YOGYAKARTA, Memoindonesia.co.id – Nasib Guru Besar Fakultas Farmasi Universitas Gadjah Mada (UGM), Prof Edy Meiyanto (EM), yang dilaporkan melakukan kekerasan seksual terhadap sejumlah mahasiswi, masih menunggu keputusan akhir dari pihak rektorat.
Kasus ini menjadi sorotan karena EM disebut melakukan pelecehan dengan modus bimbingan skripsi dan diskusi ilmiah.
Berdasarkan hasil investigasi internal, EM dinyatakan melanggar Pasal 3 Ayat 2 Peraturan Rektor UGM Nomor 1 Tahun 2023 tentang Pencegahan dan Penanganan Kekerasan Seksual.
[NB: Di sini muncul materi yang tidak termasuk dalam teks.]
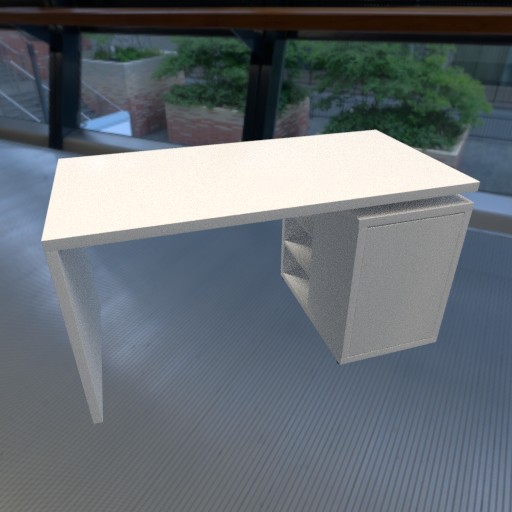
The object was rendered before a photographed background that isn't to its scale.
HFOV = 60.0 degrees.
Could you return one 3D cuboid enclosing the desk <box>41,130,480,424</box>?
[{"bbox_3d":[0.000,0.000,1.817,1.400,0.740,0.690,-9,32,-15],"label":"desk"}]
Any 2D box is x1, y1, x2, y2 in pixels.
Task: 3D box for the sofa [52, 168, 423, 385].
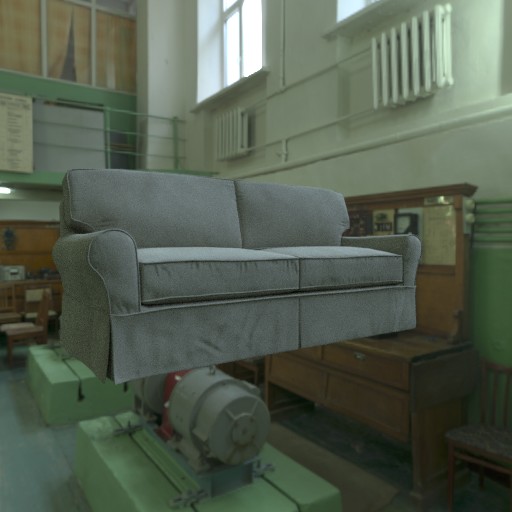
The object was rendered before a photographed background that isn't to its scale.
[{"bbox_3d":[0.000,0.000,2.757,2.246,1.014,0.900,-1,2,-35],"label":"sofa"}]
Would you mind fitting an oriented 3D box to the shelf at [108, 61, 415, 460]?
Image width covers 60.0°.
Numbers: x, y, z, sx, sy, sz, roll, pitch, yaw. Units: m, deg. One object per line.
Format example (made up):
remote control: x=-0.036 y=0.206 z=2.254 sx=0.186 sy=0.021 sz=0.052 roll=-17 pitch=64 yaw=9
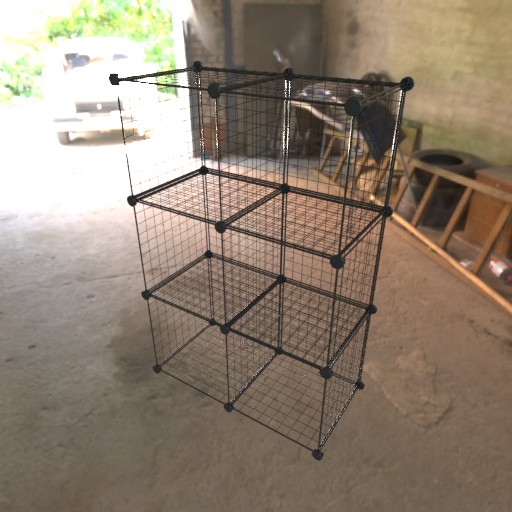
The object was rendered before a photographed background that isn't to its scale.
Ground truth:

Sanksi yang tengah dipertimbangkan berkisar antara skorsing hingga pemecatan tetap.
Namun karena EM berstatus sebagai Pegawai Negeri Sipil (PNS) dan guru besar aktif, proses pemberian sanksi tidak bisa serta-merta. Koordinasi dengan sejumlah kementerian menjadi syarat administrasi.
“Karena statusnya PNS dan guru besar, maka sanksi tidak bisa diputuskan sepihak. Tapi Kementerian Pendidikan sudah memberikan kewenangan kepada pihak kampus,” ujar Sekretaris UGM, Andi Sandi, Sabtu 6 April 2025.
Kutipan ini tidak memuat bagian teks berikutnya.